[[ Supplied records, beginning ]]

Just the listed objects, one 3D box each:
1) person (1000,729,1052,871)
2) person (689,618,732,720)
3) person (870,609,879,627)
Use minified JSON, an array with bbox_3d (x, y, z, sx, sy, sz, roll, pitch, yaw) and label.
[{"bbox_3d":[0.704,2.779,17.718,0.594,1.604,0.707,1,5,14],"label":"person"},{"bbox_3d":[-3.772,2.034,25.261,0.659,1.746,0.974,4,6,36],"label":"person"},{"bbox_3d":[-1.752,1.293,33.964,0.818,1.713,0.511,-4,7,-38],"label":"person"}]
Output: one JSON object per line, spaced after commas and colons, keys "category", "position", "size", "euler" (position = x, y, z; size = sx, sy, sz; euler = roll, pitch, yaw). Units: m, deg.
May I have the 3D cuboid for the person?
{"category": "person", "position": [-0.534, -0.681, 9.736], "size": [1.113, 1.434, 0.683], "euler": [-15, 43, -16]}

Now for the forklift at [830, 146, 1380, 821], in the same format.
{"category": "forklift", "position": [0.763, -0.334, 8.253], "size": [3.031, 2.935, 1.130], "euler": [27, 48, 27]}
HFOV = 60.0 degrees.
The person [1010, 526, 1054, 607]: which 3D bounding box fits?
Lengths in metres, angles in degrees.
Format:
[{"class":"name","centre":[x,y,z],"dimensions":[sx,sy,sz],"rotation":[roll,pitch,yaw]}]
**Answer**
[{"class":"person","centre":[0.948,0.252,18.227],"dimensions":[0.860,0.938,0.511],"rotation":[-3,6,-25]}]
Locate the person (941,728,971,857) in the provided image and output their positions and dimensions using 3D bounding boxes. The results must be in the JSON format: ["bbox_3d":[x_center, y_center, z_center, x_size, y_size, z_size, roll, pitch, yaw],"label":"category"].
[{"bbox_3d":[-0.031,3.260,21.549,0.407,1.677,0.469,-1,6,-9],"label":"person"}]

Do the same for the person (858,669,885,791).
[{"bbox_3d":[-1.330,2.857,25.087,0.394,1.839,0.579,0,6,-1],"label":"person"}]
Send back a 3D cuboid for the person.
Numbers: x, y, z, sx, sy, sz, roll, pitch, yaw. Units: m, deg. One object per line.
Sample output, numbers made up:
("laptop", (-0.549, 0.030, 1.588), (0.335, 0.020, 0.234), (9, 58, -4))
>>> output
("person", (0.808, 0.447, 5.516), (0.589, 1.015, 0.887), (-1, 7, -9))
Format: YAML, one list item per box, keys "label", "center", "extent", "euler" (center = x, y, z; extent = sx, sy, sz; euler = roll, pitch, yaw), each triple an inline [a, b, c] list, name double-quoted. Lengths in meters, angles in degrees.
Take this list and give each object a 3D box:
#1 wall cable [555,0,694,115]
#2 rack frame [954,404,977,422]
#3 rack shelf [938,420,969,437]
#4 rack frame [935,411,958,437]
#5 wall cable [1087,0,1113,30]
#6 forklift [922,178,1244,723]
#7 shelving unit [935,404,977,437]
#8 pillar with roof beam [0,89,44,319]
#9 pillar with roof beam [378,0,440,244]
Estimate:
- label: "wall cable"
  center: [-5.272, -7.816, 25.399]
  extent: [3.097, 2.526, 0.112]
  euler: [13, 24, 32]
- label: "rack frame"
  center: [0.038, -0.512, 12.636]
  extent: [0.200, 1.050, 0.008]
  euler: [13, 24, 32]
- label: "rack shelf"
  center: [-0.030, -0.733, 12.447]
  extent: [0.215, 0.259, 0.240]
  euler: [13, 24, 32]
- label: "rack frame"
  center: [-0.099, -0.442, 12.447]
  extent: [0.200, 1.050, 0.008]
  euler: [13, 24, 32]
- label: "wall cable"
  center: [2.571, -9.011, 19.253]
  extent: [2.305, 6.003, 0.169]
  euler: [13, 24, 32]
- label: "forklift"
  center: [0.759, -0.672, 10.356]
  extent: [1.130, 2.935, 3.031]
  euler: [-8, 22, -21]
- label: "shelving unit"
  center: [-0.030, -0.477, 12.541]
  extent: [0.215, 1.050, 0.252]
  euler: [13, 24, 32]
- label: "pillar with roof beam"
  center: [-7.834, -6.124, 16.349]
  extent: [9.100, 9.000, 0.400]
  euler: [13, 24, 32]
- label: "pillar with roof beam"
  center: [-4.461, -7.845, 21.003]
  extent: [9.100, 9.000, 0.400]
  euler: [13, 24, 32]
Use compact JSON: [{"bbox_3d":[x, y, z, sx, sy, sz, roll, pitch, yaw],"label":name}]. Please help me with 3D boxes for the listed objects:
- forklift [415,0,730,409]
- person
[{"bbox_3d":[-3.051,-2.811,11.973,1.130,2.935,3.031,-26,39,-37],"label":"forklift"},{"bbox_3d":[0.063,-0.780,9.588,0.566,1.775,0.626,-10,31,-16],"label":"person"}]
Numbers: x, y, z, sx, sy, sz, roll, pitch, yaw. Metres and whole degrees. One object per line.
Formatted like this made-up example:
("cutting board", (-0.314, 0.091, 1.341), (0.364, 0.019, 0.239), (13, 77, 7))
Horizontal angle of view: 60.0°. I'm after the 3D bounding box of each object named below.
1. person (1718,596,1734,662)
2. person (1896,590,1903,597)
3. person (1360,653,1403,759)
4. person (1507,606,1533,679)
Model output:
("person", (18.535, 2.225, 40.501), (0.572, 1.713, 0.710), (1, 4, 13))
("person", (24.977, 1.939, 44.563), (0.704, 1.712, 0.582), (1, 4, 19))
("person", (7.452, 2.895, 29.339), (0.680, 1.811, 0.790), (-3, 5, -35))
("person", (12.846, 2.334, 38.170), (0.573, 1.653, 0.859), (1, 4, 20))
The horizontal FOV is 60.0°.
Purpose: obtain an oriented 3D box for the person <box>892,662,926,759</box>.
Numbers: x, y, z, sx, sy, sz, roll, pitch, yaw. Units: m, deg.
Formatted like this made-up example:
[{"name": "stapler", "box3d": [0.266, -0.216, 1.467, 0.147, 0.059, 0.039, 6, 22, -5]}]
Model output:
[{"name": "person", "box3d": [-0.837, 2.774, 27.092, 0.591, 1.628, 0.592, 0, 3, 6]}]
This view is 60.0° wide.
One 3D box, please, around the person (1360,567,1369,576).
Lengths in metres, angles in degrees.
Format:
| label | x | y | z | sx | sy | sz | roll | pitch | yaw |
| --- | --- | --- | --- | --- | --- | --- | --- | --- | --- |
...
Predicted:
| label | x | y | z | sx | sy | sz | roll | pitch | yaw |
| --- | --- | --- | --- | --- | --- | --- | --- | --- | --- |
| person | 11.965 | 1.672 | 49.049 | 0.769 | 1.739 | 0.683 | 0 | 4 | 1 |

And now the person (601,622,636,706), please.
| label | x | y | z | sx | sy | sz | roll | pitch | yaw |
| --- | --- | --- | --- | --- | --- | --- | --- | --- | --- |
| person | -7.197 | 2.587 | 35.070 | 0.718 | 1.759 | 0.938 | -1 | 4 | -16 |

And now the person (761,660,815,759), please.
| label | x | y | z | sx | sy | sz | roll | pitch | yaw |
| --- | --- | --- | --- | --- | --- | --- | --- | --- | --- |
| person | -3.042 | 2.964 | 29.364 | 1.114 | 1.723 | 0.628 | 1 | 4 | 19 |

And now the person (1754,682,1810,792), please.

[[ Supplied records, end ]]

### What you will do
Set down, unchanged, only those lines above that fall between the line with "Take this list" and the line with "#9 pillar with roof beam [378,0,440,244]", the two end lines included.

### Solved problem
Take this list and give each object a 3D box:
#1 wall cable [555,0,694,115]
#2 rack frame [954,404,977,422]
#3 rack shelf [938,420,969,437]
#4 rack frame [935,411,958,437]
#5 wall cable [1087,0,1113,30]
#6 forklift [922,178,1244,723]
#7 shelving unit [935,404,977,437]
#8 pillar with roof beam [0,89,44,319]
#9 pillar with roof beam [378,0,440,244]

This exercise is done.